Kurier (Autriche) se lamente d’un contexte ô combien favorable aux fossoyeurs de l’UE, qui attisent les peurs de déclassement en avançant des réponses faciles, qui plus est face à l’échec d’un Macron à renouveler la politique et l’Europe par la voie réformiste modérée. Certes, la Gauche ne dort pas, comme le souligne The Irish Times (Irlande), y compris au Royaume-Uni où le chaos post-Brexit, aggravé par la mise au pas de Theresa May de la part de son Parlement rebelle, pourrait porter le chef de file du Labour, Jeremy Corbin, au 10 Downing Street, donnant alors des ailes à d’autres populistes, gauchistes cette fois. Mais il est clair que la donne privilégie plutôt à ce jour la Droite radicale et extrême, qui tente de s’organiser paradoxalement par-delà ces frontières qu’elle prétend rétablir et défendre.

Ria Nowosti (Russie) veut croire à un rassemblement qui aboutira à la formation du 2ème, voire du 1er groupe dans le futur PE : l’agrégation de ces courants au cœur même de la mécanique européenne pourrait développer des forces centrifuges susceptible de la faire exploser. Un scénario catastrophe auquel ne veulent pas croire Il Sole 24 Ore (Italie) et Vecernji List (Hongrie), qui font tous deux leurs comptes : bien sûr, les antieuropéens pourraient franchir la barre des 200 députés (sur 751), mais ils ne seront pas pour autant majoritaires, loin de là, et ne pourront donc pas détruire le système de l’intérieur, seulement le perturber.

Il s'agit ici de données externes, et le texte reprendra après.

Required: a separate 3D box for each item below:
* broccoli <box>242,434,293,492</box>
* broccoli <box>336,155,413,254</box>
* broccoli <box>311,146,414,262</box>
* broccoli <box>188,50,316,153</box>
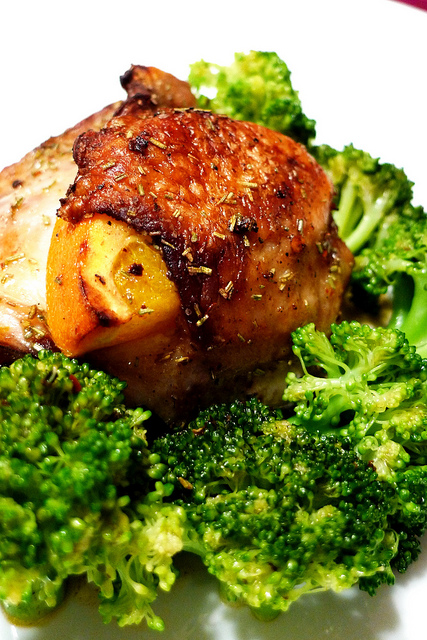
[{"bbox_3d":[0.132,0.350,1.538,0.119,0.124,0.114,-4,18,6],"label":"broccoli"},{"bbox_3d":[0.543,-0.379,2.176,0.236,0.317,0.194,37,21,-1],"label":"broccoli"},{"bbox_3d":[0.432,-0.406,2.290,0.389,0.395,0.288,-11,-23,-3],"label":"broccoli"},{"bbox_3d":[0.131,-0.837,2.461,0.354,0.368,0.438,33,20,-3],"label":"broccoli"}]
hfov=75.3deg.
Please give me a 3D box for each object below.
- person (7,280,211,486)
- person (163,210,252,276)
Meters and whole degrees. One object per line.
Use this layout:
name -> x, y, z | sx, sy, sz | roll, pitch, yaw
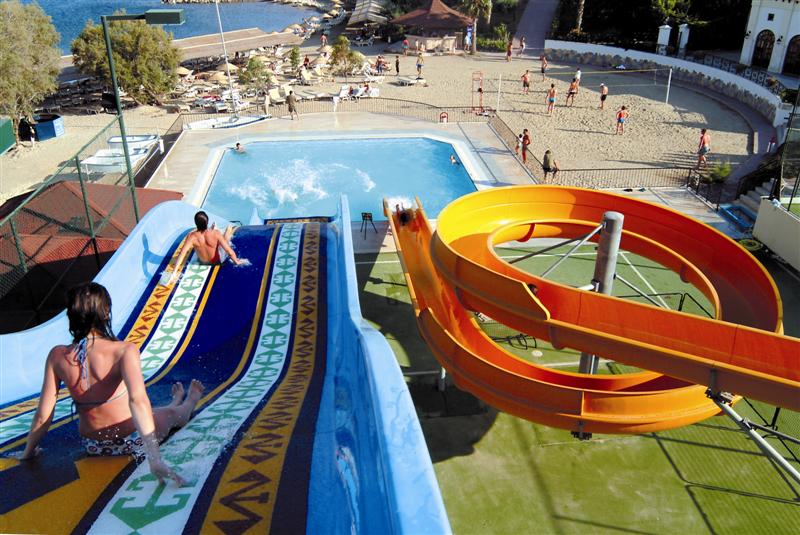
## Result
person -> -2.933, 1.061, 5.119 | 1.484, 1.750, 0.537 | 5, 14, 6
person -> -3.771, -0.620, 10.477 | 1.096, 0.797, 1.571 | 1, 32, -4
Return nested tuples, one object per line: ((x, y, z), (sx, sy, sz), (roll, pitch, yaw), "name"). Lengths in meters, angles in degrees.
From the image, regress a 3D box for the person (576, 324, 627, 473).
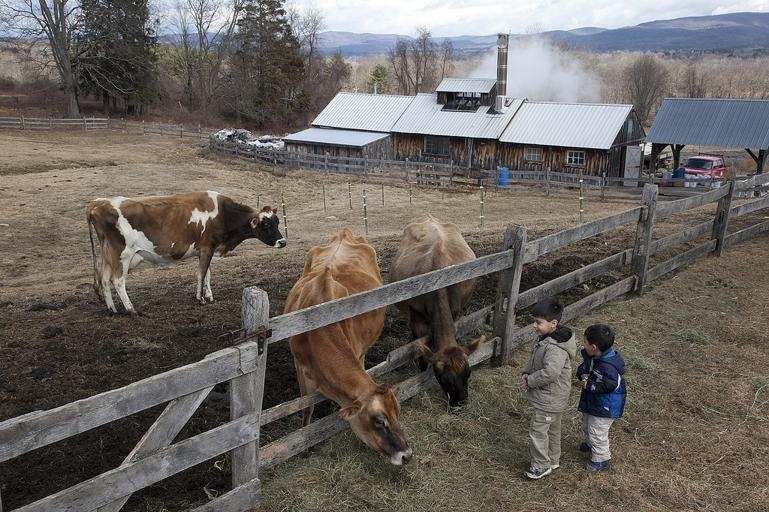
((2.403, 1.573, 6.413), (0.512, 1.603, 0.443), (5, 14, 20), "person")

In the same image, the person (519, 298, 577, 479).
((1.806, 1.484, 6.436), (0.542, 1.880, 0.768), (5, 14, 19), "person")

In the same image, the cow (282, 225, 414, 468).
((-0.458, 0.847, 7.141), (1.023, 1.954, 3.296), (-5, 31, -2), "cow")

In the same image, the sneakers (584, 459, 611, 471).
((2.369, 2.367, 6.427), (0.271, 0.134, 0.106), (-5, 27, 6), "sneakers")

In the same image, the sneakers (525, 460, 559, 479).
((1.761, 2.424, 6.452), (0.387, 0.182, 0.137), (-11, 21, -12), "sneakers")

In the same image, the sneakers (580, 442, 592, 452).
((2.332, 2.248, 6.663), (0.109, 0.092, 0.045), (6, 11, -10), "sneakers")
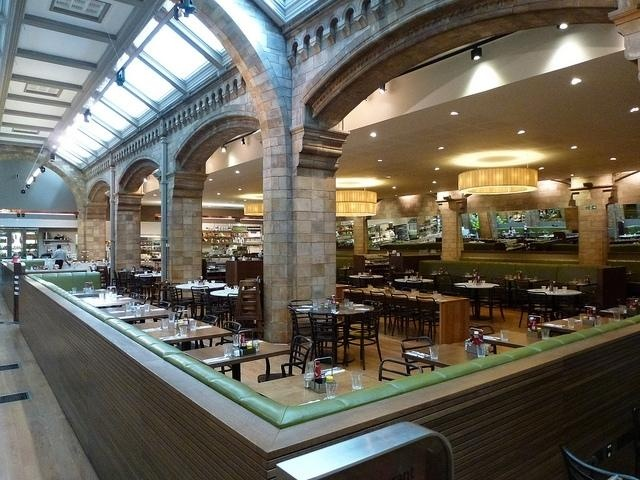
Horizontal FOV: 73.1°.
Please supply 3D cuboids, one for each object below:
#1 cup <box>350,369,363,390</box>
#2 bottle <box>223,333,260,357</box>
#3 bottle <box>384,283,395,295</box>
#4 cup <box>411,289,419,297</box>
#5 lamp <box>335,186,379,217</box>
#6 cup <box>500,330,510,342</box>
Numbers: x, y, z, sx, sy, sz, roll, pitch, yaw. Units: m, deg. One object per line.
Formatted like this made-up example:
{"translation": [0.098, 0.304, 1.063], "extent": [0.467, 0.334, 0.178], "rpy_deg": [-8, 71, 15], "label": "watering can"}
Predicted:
{"translation": [0.323, 1.265, 3.952], "extent": [0.139, 0.157, 0.135], "rpy_deg": [-2, -2, 0], "label": "cup"}
{"translation": [-0.956, 1.249, 5.091], "extent": [0.315, 0.177, 0.303], "rpy_deg": [0, -1, 0], "label": "bottle"}
{"translation": [1.650, 1.188, 10.296], "extent": [0.306, 0.160, 0.288], "rpy_deg": [-1, 0, 0], "label": "bottle"}
{"translation": [2.091, 1.199, 9.572], "extent": [0.125, 0.157, 0.178], "rpy_deg": [2, -4, -12], "label": "cup"}
{"translation": [1.302, -1.273, 15.604], "extent": [1.223, 0.534, 1.122], "rpy_deg": [0, -2, -6], "label": "lamp"}
{"translation": [2.360, 1.232, 5.528], "extent": [0.113, 0.177, 0.105], "rpy_deg": [-1, -6, 0], "label": "cup"}
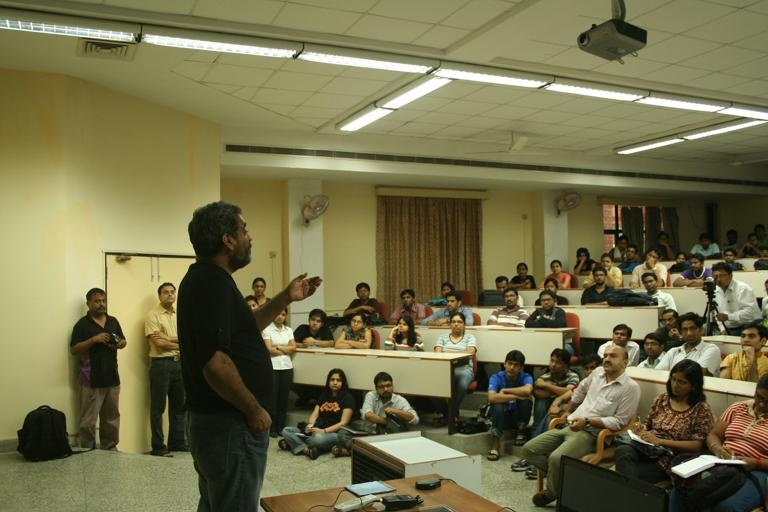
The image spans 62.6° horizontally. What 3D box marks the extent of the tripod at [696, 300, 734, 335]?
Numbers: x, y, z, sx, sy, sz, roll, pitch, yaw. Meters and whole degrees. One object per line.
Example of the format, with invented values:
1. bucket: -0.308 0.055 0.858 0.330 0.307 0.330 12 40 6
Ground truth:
1. tripod: 4.748 0.895 9.122 0.411 0.544 0.420 -14 -3 -18

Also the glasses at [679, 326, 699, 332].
1. glasses: 3.639 0.869 7.588 0.209 0.098 0.128 -2 -2 26

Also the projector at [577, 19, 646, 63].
1. projector: 2.323 -2.243 6.505 0.546 0.340 0.393 0 -2 -28

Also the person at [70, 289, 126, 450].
1. person: -3.506 1.426 7.859 0.610 2.036 0.387 0 -1 -24

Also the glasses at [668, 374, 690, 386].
1. glasses: 2.953 1.256 6.412 0.145 0.062 0.104 9 -6 -33

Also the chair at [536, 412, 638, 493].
1. chair: 2.015 1.949 6.253 0.760 0.908 0.625 21 -19 -13

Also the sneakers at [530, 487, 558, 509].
1. sneakers: 1.684 2.591 6.750 0.136 0.171 0.276 3 11 3

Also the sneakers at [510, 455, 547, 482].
1. sneakers: 1.694 2.536 7.516 0.191 0.135 0.343 11 -13 -37

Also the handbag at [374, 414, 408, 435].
1. handbag: 0.112 2.181 8.155 0.248 0.124 0.303 3 -2 -29

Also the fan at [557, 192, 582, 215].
1. fan: 3.953 -1.184 13.717 0.453 0.452 0.117 -8 40 0

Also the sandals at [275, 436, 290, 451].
1. sandals: -1.328 2.523 8.505 0.176 0.163 0.126 -32 28 -35

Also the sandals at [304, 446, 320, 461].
1. sandals: -0.908 2.531 8.118 0.173 0.246 0.084 -5 33 42

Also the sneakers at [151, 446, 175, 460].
1. sneakers: -2.827 2.540 8.176 0.253 0.090 0.139 -1 -8 19

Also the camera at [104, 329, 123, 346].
1. camera: -3.319 1.023 7.899 0.143 0.176 0.188 3 -6 -39
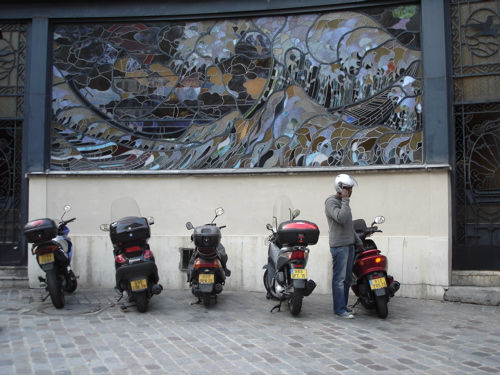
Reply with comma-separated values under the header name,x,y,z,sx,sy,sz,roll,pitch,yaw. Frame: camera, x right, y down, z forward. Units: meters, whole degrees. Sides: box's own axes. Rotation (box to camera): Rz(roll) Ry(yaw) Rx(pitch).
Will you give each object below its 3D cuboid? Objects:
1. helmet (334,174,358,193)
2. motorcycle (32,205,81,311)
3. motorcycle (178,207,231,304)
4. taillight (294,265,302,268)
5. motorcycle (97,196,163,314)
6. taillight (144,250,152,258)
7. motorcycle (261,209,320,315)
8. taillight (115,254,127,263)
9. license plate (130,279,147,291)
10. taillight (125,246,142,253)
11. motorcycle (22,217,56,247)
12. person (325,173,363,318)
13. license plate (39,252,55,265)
name,x,y,z,sx,sy,sz,roll,pitch,yaw
helmet,1.761,-0.065,14.214,0.377,0.306,0.293,9,15,35
motorcycle,-3.846,1.383,15.252,0.727,1.994,2.053,-2,12,-10
motorcycle,-0.819,1.521,14.941,0.807,1.633,1.004,1,11,1
taillight,0.892,1.432,14.127,0.136,0.042,0.039,-5,13,-24
motorcycle,-2.384,1.360,14.973,0.957,2.125,1.985,-3,12,-18
taillight,-1.935,1.239,14.443,0.115,0.062,0.168,-1,8,-5
motorcycle,0.733,1.428,15.238,0.878,1.845,2.753,1,0,-10
taillight,-2.417,1.318,14.335,0.177,0.127,0.260,-4,12,-21
license plate,-2.080,1.779,14.186,0.208,0.160,0.030,-1,-13,-12
taillight,-2.207,1.159,14.433,0.284,0.106,0.053,-2,12,-13
motorcycle,-3.979,0.779,14.592,0.489,0.373,0.488,-23,-3,21
person,1.715,1.083,14.275,0.660,2.625,0.765,3,12,14
license plate,-3.856,1.338,14.505,0.276,0.202,0.066,-3,12,-16
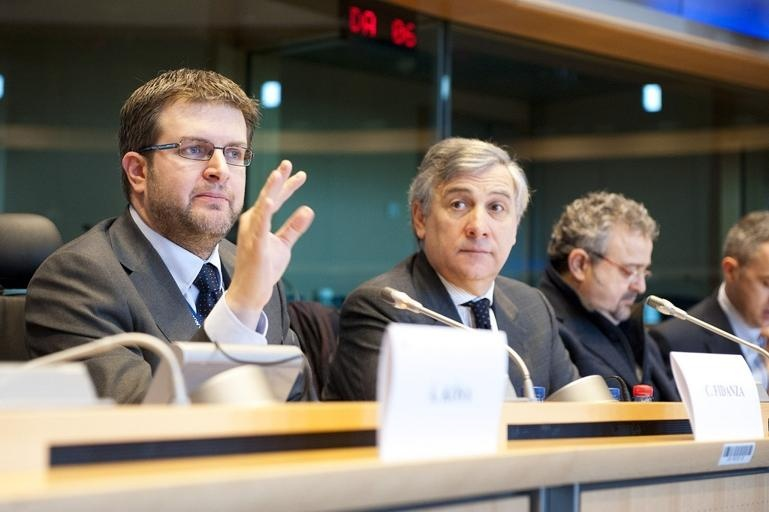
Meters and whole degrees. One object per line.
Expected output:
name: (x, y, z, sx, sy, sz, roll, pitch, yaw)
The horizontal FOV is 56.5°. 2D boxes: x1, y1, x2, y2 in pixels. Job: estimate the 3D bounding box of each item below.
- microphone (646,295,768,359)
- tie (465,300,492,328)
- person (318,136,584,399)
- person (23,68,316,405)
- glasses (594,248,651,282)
microphone: (1.414, 0.312, 3.089, 0.613, 0.066, 0.062, 26, 36, 19)
tie: (0.318, 0.188, 2.401, 0.083, 0.095, 0.028, -5, -1, 22)
person: (0.279, 0.213, 2.535, 0.912, 1.171, 0.706, 6, -9, -25)
person: (-0.580, -0.116, 2.063, 0.771, 0.984, 0.939, 1, -2, -31)
glasses: (0.973, 0.041, 2.913, 0.273, 0.126, 0.107, 1, -2, -23)
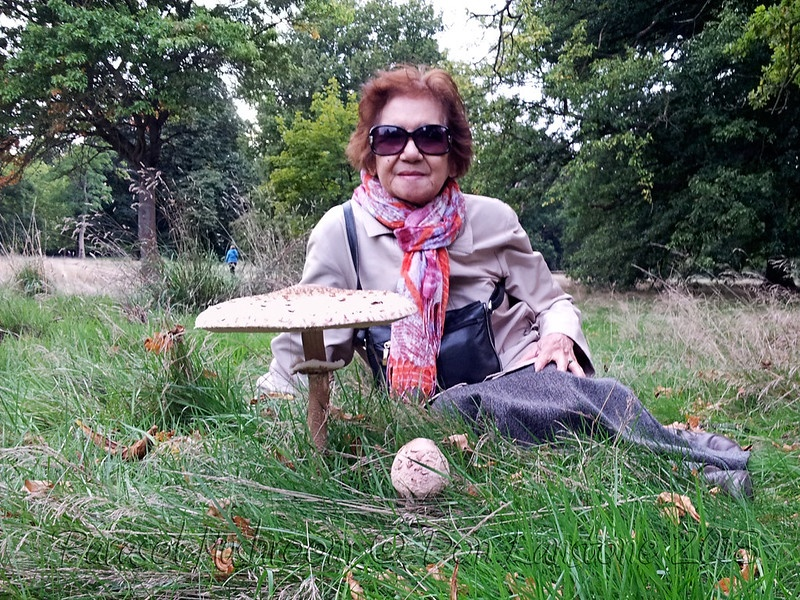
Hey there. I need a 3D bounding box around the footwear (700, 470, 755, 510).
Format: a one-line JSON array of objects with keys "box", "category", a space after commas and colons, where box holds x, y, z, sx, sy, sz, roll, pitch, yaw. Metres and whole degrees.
[{"box": [1.670, 0.933, 3.694, 0.157, 0.080, 0.200, -3, 9, -40], "category": "footwear"}]

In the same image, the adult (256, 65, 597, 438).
[{"box": [0.126, -0.385, 4.518, 1.855, 2.091, 1.166, -3, 7, 3], "category": "adult"}]

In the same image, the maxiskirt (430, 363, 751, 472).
[{"box": [0.937, 0.597, 3.945, 1.096, 0.412, 0.801, 0, -8, -2], "category": "maxiskirt"}]

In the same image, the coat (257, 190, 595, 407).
[{"box": [0.170, -0.007, 4.657, 1.869, 1.701, 1.060, -4, -2, 2], "category": "coat"}]

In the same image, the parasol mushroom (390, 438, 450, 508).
[{"box": [0.119, 0.797, 3.616, 0.228, 0.318, 0.278, 14, 20, 11], "category": "parasol mushroom"}]

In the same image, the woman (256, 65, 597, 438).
[{"box": [0.126, -0.392, 4.517, 1.845, 2.058, 1.090, -5, 11, -3], "category": "woman"}]

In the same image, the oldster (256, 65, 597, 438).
[{"box": [0.127, -0.359, 4.506, 1.929, 2.127, 1.162, -3, 8, 2], "category": "oldster"}]
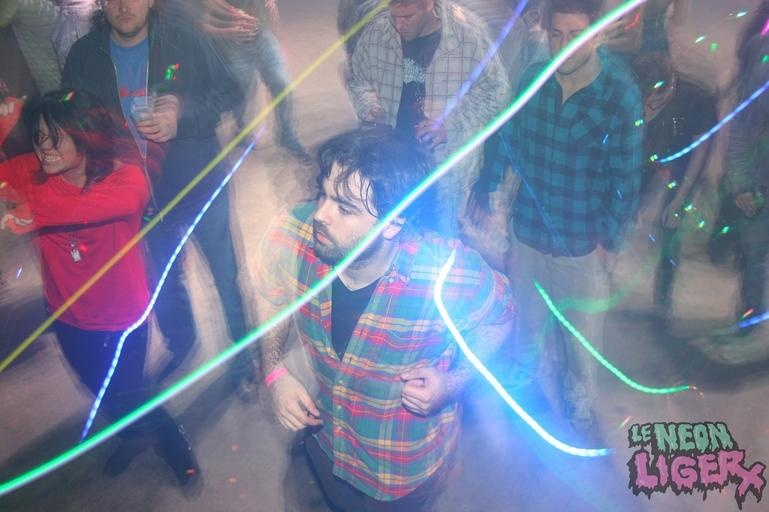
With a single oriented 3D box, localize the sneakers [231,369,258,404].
[{"bbox_3d":[-1.401,1.334,6.485,0.189,0.078,0.314,-6,56,-11],"label":"sneakers"}]
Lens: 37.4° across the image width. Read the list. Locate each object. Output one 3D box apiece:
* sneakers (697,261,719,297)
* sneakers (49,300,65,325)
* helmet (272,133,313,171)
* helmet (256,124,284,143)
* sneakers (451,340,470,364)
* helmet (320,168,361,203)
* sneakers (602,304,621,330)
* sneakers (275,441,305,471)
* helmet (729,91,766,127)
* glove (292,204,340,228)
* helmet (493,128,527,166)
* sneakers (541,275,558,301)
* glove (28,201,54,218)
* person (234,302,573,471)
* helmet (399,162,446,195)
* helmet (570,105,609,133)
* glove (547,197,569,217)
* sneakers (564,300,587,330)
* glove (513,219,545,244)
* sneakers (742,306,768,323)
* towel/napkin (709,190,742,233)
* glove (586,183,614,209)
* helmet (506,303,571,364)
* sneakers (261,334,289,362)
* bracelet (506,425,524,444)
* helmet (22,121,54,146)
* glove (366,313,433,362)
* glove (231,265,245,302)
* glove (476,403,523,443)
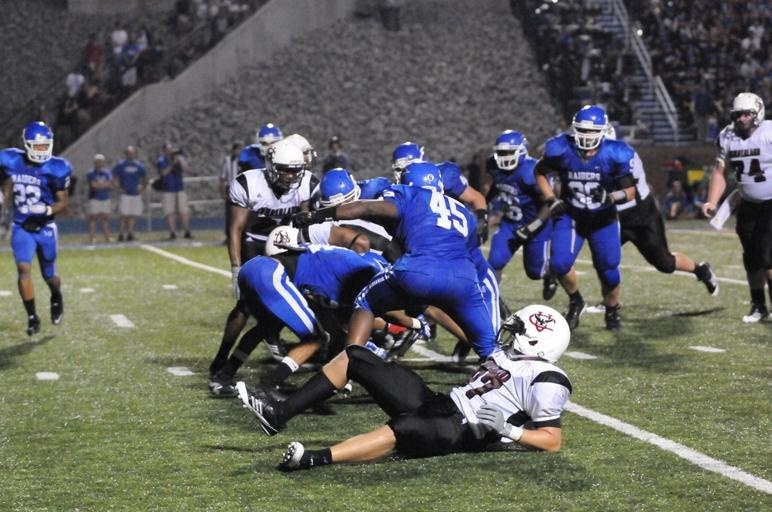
[{"bbox_3d":[3.824,0.296,13.558,0.183,0.423,0.155,-43,18,-15],"label":"sneakers"},{"bbox_3d":[-3.641,0.631,12.491,0.117,0.326,0.133,2,5,-27],"label":"sneakers"},{"bbox_3d":[-0.905,-1.091,11.666,0.414,0.360,0.303,21,34,20],"label":"helmet"},{"bbox_3d":[-1.317,-1.333,12.463,0.290,0.247,0.227,-4,14,4],"label":"helmet"},{"bbox_3d":[0.742,0.956,11.466,0.106,0.302,0.130,15,33,-5],"label":"sneakers"},{"bbox_3d":[-0.419,-0.632,10.616,0.391,0.358,0.401,-1,0,-19],"label":"helmet"},{"bbox_3d":[2.489,0.672,12.529,0.165,0.274,0.134,-1,0,10],"label":"sneakers"},{"bbox_3d":[-0.797,1.678,9.551,0.110,0.249,0.196,39,27,-4],"label":"sneakers"},{"bbox_3d":[3.921,-1.594,12.419,0.307,0.319,0.383,-4,13,40],"label":"helmet"},{"bbox_3d":[-0.662,-0.352,10.411,0.289,0.118,0.209,-19,0,15],"label":"glove"},{"bbox_3d":[1.443,-1.253,13.037,0.375,0.429,0.478,-2,19,22],"label":"helmet"},{"bbox_3d":[1.939,0.378,13.641,0.123,0.348,0.156,9,9,25],"label":"sneakers"},{"bbox_3d":[-3.736,-0.491,12.219,0.258,0.166,0.168,-1,0,-19],"label":"glove"},{"bbox_3d":[0.187,1.069,9.665,2.922,1.118,1.588,-3,7,-7],"label":"person"},{"bbox_3d":[0.314,-0.707,10.549,0.287,0.281,0.358,-7,44,-16],"label":"helmet"},{"bbox_3d":[2.156,-1.442,12.152,0.332,0.334,0.419,5,7,20],"label":"helmet"},{"bbox_3d":[1.813,-0.515,12.230,0.184,0.119,0.218,1,5,-5],"label":"glove"},{"bbox_3d":[2.063,0.652,12.415,0.117,0.149,0.344,-3,44,47],"label":"sneakers"},{"bbox_3d":[1.588,-0.283,12.659,0.323,0.248,0.286,-1,0,2],"label":"glove"},{"bbox_3d":[4.005,0.657,12.513,0.381,0.165,0.125,-3,-3,-26],"label":"sneakers"},{"bbox_3d":[3.786,-0.524,12.699,0.303,0.459,0.283,-1,0,16],"label":"towel/napkin"},{"bbox_3d":[2.232,-0.653,12.016,0.196,0.101,0.259,25,-5,-14],"label":"glove"},{"bbox_3d":[1.306,0.587,9.757,0.648,0.457,0.492,6,9,3],"label":"helmet"},{"bbox_3d":[-1.161,0.918,11.583,0.150,0.155,0.401,9,8,-33],"label":"sneakers"},{"bbox_3d":[1.028,1.451,9.348,0.155,0.121,0.076,0,13,43],"label":"bracelet"},{"bbox_3d":[-3.812,-1.305,12.311,0.325,0.280,0.301,0,8,34],"label":"helmet"},{"bbox_3d":[0.129,0.761,11.187,0.613,0.400,0.317,-31,26,34],"label":"glove"},{"bbox_3d":[-1.484,0.267,11.263,0.157,0.339,0.255,9,-22,-23],"label":"glove"},{"bbox_3d":[0.930,1.433,9.472,0.253,0.159,0.476,12,-18,-17],"label":"glove"}]
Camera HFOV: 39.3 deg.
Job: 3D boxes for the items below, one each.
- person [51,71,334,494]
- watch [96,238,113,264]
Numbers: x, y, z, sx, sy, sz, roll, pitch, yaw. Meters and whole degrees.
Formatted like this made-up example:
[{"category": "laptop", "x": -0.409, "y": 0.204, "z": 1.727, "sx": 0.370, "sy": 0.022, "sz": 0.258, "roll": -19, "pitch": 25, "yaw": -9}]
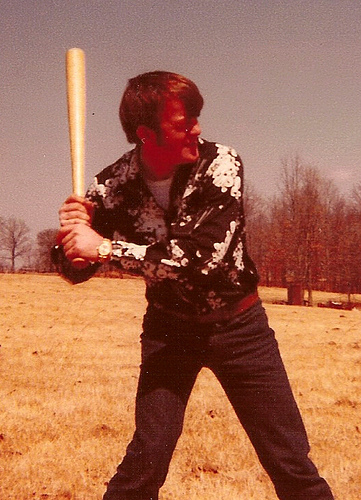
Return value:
[{"category": "person", "x": 0.079, "y": 0.123, "z": 2.165, "sx": 1.090, "sy": 1.808, "sz": 0.498, "roll": 1, "pitch": 4, "yaw": 9}, {"category": "watch", "x": -0.289, "y": 0.004, "z": 1.906, "sx": 0.066, "sy": 0.077, "sz": 0.023, "roll": -5, "pitch": -2, "yaw": -31}]
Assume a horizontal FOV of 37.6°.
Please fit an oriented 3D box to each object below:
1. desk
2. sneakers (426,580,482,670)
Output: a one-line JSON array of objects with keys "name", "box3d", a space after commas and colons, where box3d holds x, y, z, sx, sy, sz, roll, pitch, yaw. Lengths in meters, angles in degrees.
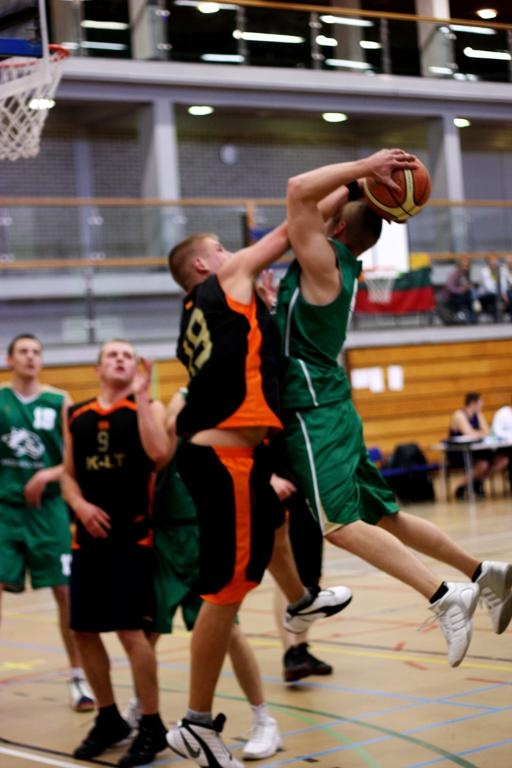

Relativiser de la sorte est une manière comme une autre de se rassurer en cette époque d’espoirs et d’espérances à travers les vœux que s’adressent les uns aux autres. Mais l’aveuglement dont sont victimes les électeurs des nationaux-populistes ne doit pas gagner les forces progressistes et proeuropéennes. Ou plutôt ne doit plus les gagner, car elles ont trop souvent et trop longtemps ignoré le danger, pour préférer au nécessaire mouvement long-termiste un confortable immobilisme court-termiste. Il est encore temps d’apporter les bonnes solutions à une Europe qui se cherche et qui hésite. Peut-être s’agit-il là de la dernière chance. Formulons donc le vœu du choix de la solidarité dans une union toujours plus étroite et efficiente, au lieu d’une destruction que ne sera pas créatrice mais nous anéantira tous.